Помнится, во мне никогда не проглядывались зачатки нетерпения, но кое-кто приоткрыл мне туда дверь и гостеприимно пригласил пройти внутрь. А что мне оставалось, кроме как принять приглашение? Самое больное, что осознавать мне это приравнивается подкосить свой опыт, — это то, что меня не толкали, меня не пинали, я просто повёлся, как последний школьник. Не могу утверждать, сильны ли были чары, но раз я ввязался в эту историю, то пройду её вместе с Рю, бок о бок.

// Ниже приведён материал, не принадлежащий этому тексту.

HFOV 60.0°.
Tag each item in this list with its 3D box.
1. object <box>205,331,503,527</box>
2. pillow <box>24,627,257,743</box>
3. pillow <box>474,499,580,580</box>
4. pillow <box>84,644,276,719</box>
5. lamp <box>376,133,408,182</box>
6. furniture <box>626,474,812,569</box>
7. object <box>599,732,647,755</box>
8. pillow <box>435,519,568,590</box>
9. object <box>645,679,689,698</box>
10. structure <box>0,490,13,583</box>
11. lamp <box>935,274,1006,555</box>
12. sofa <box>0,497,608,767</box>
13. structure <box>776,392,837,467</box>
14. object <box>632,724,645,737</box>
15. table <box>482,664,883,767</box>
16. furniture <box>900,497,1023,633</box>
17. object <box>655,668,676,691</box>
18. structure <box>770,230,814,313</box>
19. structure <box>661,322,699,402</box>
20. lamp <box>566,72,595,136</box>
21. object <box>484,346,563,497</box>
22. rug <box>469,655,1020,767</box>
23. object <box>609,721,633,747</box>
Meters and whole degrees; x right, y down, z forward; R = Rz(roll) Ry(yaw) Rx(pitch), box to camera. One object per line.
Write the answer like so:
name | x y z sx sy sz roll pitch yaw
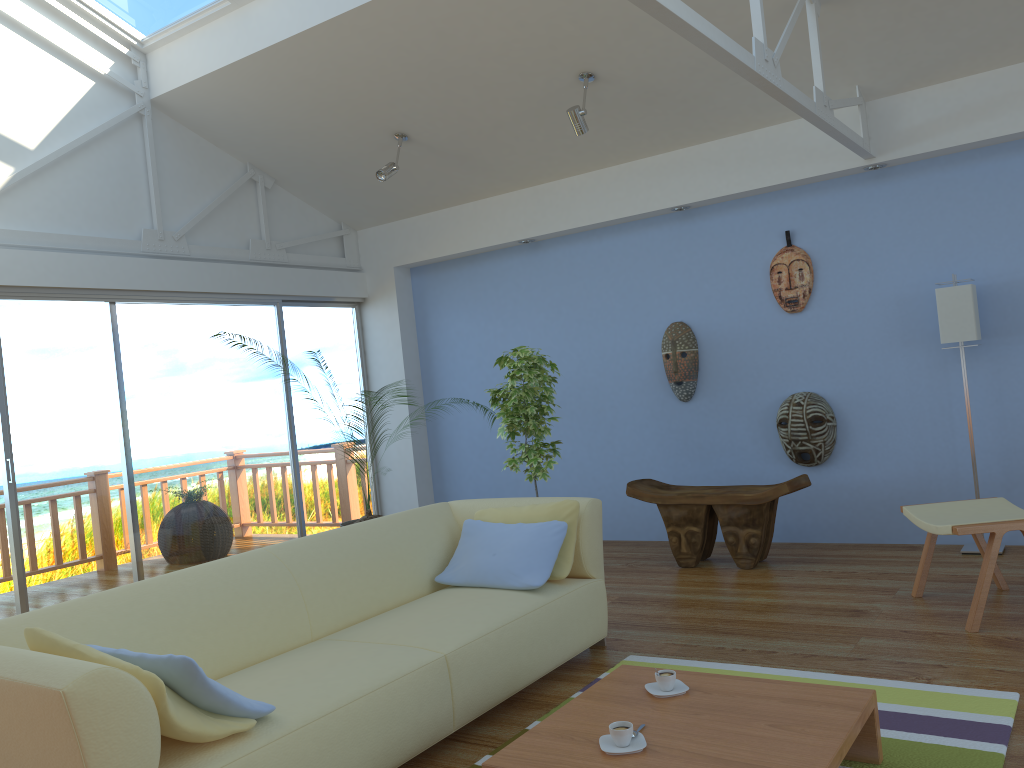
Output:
object | -0.903 0.428 5.941 1.563 1.695 1.706 -6 0 25
pillow | -0.979 0.768 2.321 0.571 0.312 0.275 -6 0 31
pillow | 0.020 0.665 3.799 0.559 0.311 0.201 -6 0 34
pillow | -0.929 0.800 2.405 0.566 0.244 0.272 -6 0 31
lamp | -0.787 -1.474 5.790 0.254 0.327 0.118 -6 0 -38
furniture | 1.204 0.802 5.196 1.100 0.507 0.329 -6 0 34
object | 0.286 0.932 2.292 0.118 0.016 0.118 -6 0 0
pillow | -0.055 0.710 3.702 0.566 0.244 0.272 -6 0 36
object | 0.464 0.913 2.653 0.118 0.016 0.118 -6 0 -11
structure | -4.577 1.727 5.787 4.086 2.064 6.950 -6 0 34
lamp | 2.494 0.157 4.841 0.200 1.520 0.200 -6 0 34
sofa | -0.590 0.883 3.124 0.950 0.597 2.448 -6 0 34
structure | 1.778 0.286 5.413 0.359 0.466 0.185 -6 0 34
object | 0.334 0.921 2.365 0.025 0.021 0.119 -6 0 25
table | 0.482 1.016 2.387 0.800 0.198 0.800 -6 0 34
furniture | 2.029 0.754 3.817 0.449 0.427 0.619 -6 0 4
object | 0.460 0.876 2.663 0.062 0.077 0.086 -6 0 4
structure | 1.713 -0.691 5.463 0.264 0.508 0.063 -6 0 34
structure | 1.101 -0.144 5.880 0.254 0.541 0.115 -6 0 34
lamp | 0.388 -1.587 5.029 0.195 0.351 0.127 -6 0 -38
object | 0.146 0.461 5.401 0.495 1.409 0.699 -6 0 -13
rug | 0.480 1.125 2.393 1.400 0.018 2.100 -6 0 34
object | 0.281 0.908 2.300 0.062 0.049 0.078 -6 0 -20

Я навострился и ничего не услышал, но зато приметил очень странное для меня действо: моя нога не стояла на месте. Она непроизвольно дёргалась, притаптывая ярко-зелёную траву. На миг мне стало её жалко, но затем я подумал о своём теле. Что-то в нём поменялось. Такое чувство, будто я подросток и происходит нечто ненормальное.

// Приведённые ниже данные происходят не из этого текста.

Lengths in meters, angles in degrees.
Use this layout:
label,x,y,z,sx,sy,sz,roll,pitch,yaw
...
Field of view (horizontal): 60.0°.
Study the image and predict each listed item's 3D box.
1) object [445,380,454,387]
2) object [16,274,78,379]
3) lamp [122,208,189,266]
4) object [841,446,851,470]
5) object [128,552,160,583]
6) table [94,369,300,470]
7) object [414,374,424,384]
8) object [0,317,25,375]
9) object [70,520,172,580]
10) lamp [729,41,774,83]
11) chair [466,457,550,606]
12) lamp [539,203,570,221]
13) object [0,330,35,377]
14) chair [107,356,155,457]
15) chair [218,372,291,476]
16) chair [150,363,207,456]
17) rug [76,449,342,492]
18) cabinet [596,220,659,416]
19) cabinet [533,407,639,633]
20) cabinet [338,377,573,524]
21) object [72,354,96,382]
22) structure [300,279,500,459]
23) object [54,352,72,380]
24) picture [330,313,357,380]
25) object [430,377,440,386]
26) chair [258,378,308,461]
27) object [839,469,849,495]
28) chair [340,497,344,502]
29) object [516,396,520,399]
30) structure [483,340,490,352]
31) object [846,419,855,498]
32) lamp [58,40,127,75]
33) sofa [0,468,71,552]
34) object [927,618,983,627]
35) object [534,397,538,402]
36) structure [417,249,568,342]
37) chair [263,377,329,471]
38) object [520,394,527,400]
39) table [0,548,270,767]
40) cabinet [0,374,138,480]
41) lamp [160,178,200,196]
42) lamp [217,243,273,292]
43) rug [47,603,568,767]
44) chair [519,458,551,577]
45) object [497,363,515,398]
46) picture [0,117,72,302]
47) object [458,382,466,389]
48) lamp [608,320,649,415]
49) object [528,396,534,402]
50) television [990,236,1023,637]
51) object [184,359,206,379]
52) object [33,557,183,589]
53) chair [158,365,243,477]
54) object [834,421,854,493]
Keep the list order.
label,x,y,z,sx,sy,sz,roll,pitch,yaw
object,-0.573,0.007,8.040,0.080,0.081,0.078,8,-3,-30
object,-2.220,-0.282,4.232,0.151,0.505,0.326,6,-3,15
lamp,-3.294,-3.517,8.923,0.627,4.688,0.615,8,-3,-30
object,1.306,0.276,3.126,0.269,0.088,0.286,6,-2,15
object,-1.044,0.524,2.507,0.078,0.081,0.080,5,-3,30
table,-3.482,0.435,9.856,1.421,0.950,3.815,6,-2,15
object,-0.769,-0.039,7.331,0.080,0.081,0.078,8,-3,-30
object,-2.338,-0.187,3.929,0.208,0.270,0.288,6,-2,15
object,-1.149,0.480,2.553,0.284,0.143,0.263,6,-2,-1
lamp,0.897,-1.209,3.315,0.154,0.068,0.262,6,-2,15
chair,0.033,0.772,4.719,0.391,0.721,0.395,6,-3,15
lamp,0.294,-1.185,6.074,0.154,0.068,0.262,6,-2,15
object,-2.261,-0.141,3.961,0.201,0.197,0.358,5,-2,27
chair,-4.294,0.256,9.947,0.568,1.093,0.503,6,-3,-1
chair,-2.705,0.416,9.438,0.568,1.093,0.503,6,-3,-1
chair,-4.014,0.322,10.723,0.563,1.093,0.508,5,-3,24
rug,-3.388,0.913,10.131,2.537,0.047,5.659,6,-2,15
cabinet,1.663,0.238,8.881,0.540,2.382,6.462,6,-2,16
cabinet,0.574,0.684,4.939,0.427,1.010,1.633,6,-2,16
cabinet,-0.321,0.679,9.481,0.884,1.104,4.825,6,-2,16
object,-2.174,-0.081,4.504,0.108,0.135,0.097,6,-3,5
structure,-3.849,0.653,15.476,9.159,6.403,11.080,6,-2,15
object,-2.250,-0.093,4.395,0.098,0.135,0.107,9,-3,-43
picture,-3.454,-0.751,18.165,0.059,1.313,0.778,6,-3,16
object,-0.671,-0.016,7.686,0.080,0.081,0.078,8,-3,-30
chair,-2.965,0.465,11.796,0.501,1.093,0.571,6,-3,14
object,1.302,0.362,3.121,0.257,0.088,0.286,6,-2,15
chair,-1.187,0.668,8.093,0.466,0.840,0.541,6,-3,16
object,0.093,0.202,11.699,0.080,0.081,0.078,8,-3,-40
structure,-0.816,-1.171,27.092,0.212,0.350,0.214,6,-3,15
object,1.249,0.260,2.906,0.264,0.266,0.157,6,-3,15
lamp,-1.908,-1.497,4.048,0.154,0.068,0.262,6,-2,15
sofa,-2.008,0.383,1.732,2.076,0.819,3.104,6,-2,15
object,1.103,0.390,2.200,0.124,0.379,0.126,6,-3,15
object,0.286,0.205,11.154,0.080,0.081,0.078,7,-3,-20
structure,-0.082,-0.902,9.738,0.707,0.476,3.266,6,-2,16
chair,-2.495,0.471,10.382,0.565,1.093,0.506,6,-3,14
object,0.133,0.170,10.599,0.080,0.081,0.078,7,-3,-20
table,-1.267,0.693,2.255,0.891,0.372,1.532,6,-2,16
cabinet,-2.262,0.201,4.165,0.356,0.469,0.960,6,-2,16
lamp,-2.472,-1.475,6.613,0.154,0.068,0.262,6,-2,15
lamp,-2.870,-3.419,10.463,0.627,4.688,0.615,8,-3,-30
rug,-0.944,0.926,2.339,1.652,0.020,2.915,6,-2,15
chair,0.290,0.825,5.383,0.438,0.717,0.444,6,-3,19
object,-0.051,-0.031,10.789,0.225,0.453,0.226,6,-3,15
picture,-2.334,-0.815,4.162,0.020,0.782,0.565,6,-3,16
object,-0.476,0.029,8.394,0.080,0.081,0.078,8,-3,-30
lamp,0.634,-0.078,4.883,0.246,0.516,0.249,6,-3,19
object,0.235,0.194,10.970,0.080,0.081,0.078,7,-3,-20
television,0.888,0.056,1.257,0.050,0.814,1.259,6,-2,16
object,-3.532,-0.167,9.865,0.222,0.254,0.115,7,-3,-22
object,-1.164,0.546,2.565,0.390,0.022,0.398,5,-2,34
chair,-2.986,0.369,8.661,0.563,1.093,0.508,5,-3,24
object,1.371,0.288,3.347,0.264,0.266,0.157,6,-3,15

Однако не время и не место вникать во всю эту чушь. Я поднимаюсь.
И делать это придётся со всей осторожностью, потому как неизвестно, что окажется внутри дома. Я обхожу его сзади и натыкаюсь на чёрный вход. Отлично. Через секунду меня уже нет на улице.

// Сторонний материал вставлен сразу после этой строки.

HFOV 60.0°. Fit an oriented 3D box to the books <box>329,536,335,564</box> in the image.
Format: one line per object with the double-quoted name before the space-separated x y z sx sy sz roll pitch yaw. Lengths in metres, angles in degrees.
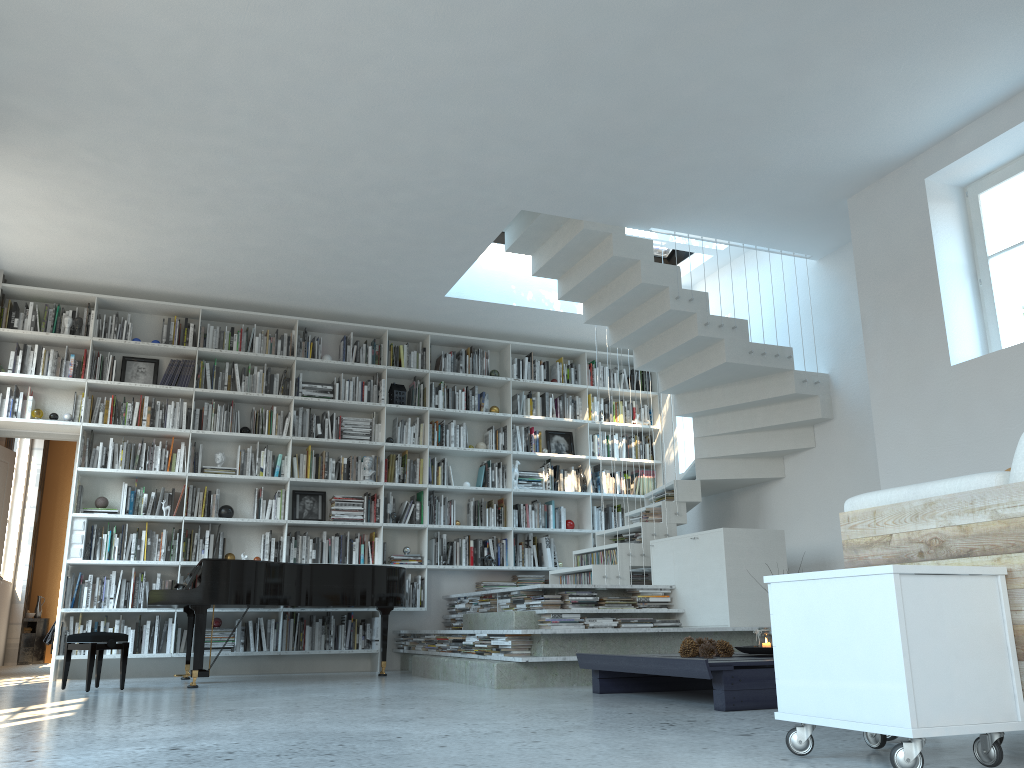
"books" -1.618 1.498 7.945 0.025 0.254 0.136 5 -16 -21

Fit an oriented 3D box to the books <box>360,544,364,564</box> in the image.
"books" -1.366 1.547 8.001 0.023 0.182 0.169 5 -16 -21

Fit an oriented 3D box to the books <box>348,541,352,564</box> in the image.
"books" -1.472 1.527 7.969 0.024 0.206 0.183 5 -16 -21

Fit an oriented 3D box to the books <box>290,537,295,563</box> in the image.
"books" -1.942 1.469 7.786 0.027 0.233 0.168 5 -16 -21

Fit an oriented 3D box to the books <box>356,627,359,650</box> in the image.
"books" -1.380 2.242 7.825 0.024 0.190 0.155 5 -16 -21

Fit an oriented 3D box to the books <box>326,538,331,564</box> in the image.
"books" -1.639 1.500 7.919 0.031 0.236 0.159 5 -16 -21

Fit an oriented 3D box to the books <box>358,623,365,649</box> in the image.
"books" -1.336 2.229 7.848 0.028 0.227 0.162 5 -16 -21

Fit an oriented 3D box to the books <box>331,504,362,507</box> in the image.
"books" -1.507 1.118 8.075 0.254 0.012 0.161 6 -17 -24

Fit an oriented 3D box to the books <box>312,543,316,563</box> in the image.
"books" -1.766 1.508 7.842 0.029 0.183 0.175 5 -16 -21

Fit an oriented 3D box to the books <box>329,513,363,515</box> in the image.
"books" -1.508 1.189 8.061 0.285 0.012 0.160 5 -16 -20

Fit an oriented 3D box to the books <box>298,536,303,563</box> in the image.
"books" -1.879 1.475 7.837 0.024 0.247 0.132 5 -16 -21

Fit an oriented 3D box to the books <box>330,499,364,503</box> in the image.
"books" -1.509 1.071 8.090 0.285 0.012 0.160 5 -16 -19

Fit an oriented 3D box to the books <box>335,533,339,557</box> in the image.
"books" -1.575 1.486 7.963 0.014 0.285 0.135 5 -16 -21

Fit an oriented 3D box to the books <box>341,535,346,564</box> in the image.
"books" -1.527 1.494 7.953 0.028 0.263 0.162 5 -16 -21

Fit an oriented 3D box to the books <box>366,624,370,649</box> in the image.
"books" -1.293 2.234 7.848 0.029 0.217 0.191 5 -16 -21

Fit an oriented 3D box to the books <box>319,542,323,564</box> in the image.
"books" -1.704 1.509 7.873 0.023 0.196 0.165 5 -16 -21

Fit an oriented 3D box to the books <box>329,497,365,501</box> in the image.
"books" -1.506 1.058 8.087 0.285 0.012 0.160 7 -17 -26

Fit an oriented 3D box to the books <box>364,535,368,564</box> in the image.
"books" -1.338 1.511 8.036 0.026 0.271 0.175 5 -16 -21

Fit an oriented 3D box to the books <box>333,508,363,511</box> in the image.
"books" -1.505 1.152 8.063 0.254 0.012 0.161 7 -17 -26

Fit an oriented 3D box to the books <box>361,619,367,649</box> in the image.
"books" -1.315 2.215 7.851 0.013 0.255 0.177 5 -16 -21

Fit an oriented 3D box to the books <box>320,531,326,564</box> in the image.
"books" -1.687 1.469 7.906 0.026 0.291 0.152 5 -16 -21

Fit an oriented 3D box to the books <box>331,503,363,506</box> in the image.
"books" -1.507 1.106 8.077 0.254 0.012 0.161 7 -17 -25

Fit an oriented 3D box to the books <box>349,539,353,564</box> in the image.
"books" -1.459 1.518 7.989 0.014 0.234 0.154 5 -16 -21

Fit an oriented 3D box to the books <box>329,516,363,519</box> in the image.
"books" -1.505 1.220 8.044 0.285 0.012 0.160 4 -16 -16

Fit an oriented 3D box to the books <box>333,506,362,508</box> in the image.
"books" -1.507 1.130 8.073 0.254 0.012 0.161 5 -16 -18

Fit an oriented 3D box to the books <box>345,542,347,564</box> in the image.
"books" -1.509 1.530 7.968 0.021 0.202 0.128 5 -16 -21

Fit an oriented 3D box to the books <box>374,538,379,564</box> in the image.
"books" -1.245 1.528 8.053 0.033 0.245 0.176 5 -16 -21

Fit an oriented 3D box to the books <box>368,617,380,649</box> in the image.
"books" -1.220 2.200 7.825 0.038 0.268 0.278 5 -16 -21

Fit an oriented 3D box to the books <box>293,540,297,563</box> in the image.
"books" -1.922 1.486 7.803 0.024 0.207 0.170 5 -16 -21

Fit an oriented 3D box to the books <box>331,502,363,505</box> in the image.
"books" -1.508 1.094 8.082 0.254 0.012 0.161 6 -17 -24

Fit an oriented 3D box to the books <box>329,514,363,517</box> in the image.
"books" -1.509 1.201 8.061 0.285 0.012 0.160 5 -17 -21

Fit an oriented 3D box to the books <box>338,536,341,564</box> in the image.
"books" -1.561 1.502 7.957 0.011 0.251 0.158 5 -16 -21

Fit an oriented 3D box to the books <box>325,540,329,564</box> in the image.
"books" -1.666 1.507 7.914 0.025 0.220 0.140 5 -16 -21

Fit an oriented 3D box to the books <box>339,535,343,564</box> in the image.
"books" -1.547 1.496 7.953 0.010 0.260 0.181 5 -16 -21

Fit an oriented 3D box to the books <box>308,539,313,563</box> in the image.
"books" -1.792 1.491 7.841 0.023 0.217 0.175 5 -16 -21

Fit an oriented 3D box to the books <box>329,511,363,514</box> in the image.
"books" -1.508 1.177 8.062 0.285 0.012 0.160 5 -16 -19

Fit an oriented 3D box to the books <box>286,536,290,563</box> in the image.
"books" -1.985 1.465 7.789 0.029 0.243 0.154 5 -16 -21

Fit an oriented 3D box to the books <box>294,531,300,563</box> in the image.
"books" -1.906 1.453 7.838 0.027 0.289 0.141 5 -16 -21

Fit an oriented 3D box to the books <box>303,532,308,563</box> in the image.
"books" -1.830 1.457 7.839 0.013 0.281 0.166 5 -16 -21

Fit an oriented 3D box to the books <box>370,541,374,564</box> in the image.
"books" -1.278 1.540 8.042 0.011 0.216 0.166 5 -16 -21

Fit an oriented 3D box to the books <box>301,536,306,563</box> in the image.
"books" -1.849 1.474 7.830 0.027 0.245 0.179 5 -16 -21

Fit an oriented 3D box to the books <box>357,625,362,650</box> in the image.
"books" -1.355 2.235 7.826 0.022 0.204 0.191 5 -16 -21

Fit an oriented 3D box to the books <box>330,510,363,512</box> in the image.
"books" -1.505 1.163 8.059 0.285 0.012 0.160 4 -16 -16

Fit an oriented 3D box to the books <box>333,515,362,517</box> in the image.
"books" -1.505 1.209 8.047 0.254 0.012 0.161 7 -17 -26

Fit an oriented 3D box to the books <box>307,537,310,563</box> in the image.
"books" -1.821 1.481 7.857 0.021 0.243 0.142 5 -16 -21

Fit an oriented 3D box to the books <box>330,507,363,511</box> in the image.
"books" -1.505 1.140 8.065 0.285 0.012 0.160 4 -16 -16

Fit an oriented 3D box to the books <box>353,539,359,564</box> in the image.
"books" -1.415 1.519 7.994 0.023 0.234 0.175 5 -16 -21

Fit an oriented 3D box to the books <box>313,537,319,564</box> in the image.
"books" -1.742 1.486 7.866 0.029 0.237 0.166 5 -16 -21

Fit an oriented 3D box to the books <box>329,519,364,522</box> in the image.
"books" -1.504 1.244 8.038 0.285 0.012 0.160 7 -17 -26

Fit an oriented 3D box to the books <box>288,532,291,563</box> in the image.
"books" -1.964 1.450 7.794 0.011 0.274 0.146 5 -16 -21

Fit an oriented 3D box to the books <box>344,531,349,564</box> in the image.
"books" -1.491 1.483 7.976 0.012 0.296 0.178 5 -16 -21

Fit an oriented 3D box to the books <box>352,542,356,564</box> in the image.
"books" -1.437 1.532 7.982 0.023 0.204 0.167 5 -16 -21

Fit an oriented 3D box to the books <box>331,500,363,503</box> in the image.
"books" -1.507 1.082 8.083 0.254 0.012 0.161 7 -17 -25

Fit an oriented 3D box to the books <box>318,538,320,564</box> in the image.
"books" -1.726 1.494 7.882 0.013 0.229 0.139 5 -16 -21

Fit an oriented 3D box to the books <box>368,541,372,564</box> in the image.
"books" -1.302 1.540 8.031 0.042 0.211 0.169 5 -16 -21

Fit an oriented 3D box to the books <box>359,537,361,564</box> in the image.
"books" -1.392 1.517 8.026 0.014 0.255 0.145 5 -16 -21

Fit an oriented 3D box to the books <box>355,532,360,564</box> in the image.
"books" -1.403 1.495 8.019 0.014 0.293 0.138 5 -16 -21

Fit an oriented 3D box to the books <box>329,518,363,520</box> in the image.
"books" -1.508 1.234 8.049 0.285 0.012 0.160 6 -17 -22

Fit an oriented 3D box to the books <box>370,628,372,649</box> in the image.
"books" -1.273 2.257 7.864 0.023 0.181 0.149 5 -16 -21

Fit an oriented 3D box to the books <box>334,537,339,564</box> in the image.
"books" -1.585 1.498 7.929 0.026 0.244 0.191 5 -16 -21

Не сказал бы, что здесь полная тишина: Сумико-сан готовила, не замечая меня; конечно, каблуков же на мне больше нет. Я поднимаюсь по лестнице шаг за шагом, чтобы минимизировать издающие мной звуки. Оборачиваюсь назад ради проверки обстановки и не вижу живых. А в кармане всё не унимается ровный тик стрелок, они идут до такой степени правильно, что Биг-Бен бы позавидовал. Не могу, не до шуток сейчас вообще, а я…
Возобновляю подъём и ступаю на пол второго этажа. Сразу бросается бездействие в комнате Акиры, и я начинаю не на шутку беспокоиться о нём. Рю не должен отныне заниматься этим… По словам, намерениям, видам, хотя бы поэтому он не будет трогать младшего брата. Куросава умеет морально давить, выводить из себя, но не применяет физическую силу. Я видел Куросаву тогда, он и не думал о том, чтобы бить Акиру. А их встреча у дверного порога дома — доказательство родства. Мне приглянулась семейная любовь, проскользнувшая между ними во время объятий. Витала тёплая атмосфера. Я не забыл ни мгновения. Это невозможно.
А впрочем, стекло всегда трескается на семейных фотографиях. Под ногами сыпется прах.
Он не посмеет ударить, Рю душевно более «продвинут»… Он становится обоюдным агрессором… Рю показывает истинные лица живых, какие они на самом деле, без прикрас.
Куросава и с Акирой сделал это. Он мне ещё в тот раз показал. «Ты ему поверил? Ха-ха, интересно». Но я не верил. Вот где таилось моё упущение. Это непростительно для Зрячего.
Я лихорадочно приближаюсь к спальне Рю и тупо наблюдаю, что твориться внутри, прикоснувшись ладонью в перчатке к дереву двери. Открывается полноценная картинка того, что происходит внутри. Я размыкаю губы.
Я успел запечатлеть короткое сопротивление со стороны Рю, когда Акира держал свои маленькие ручки в области чужого горла. Мальчик практически отлетел назад, стоило Рю замахнуться, однако всё равно он не пытался наносить сильных увечий, толкая и упираясь, и поцарапал кожу младшего. Тот зашипел.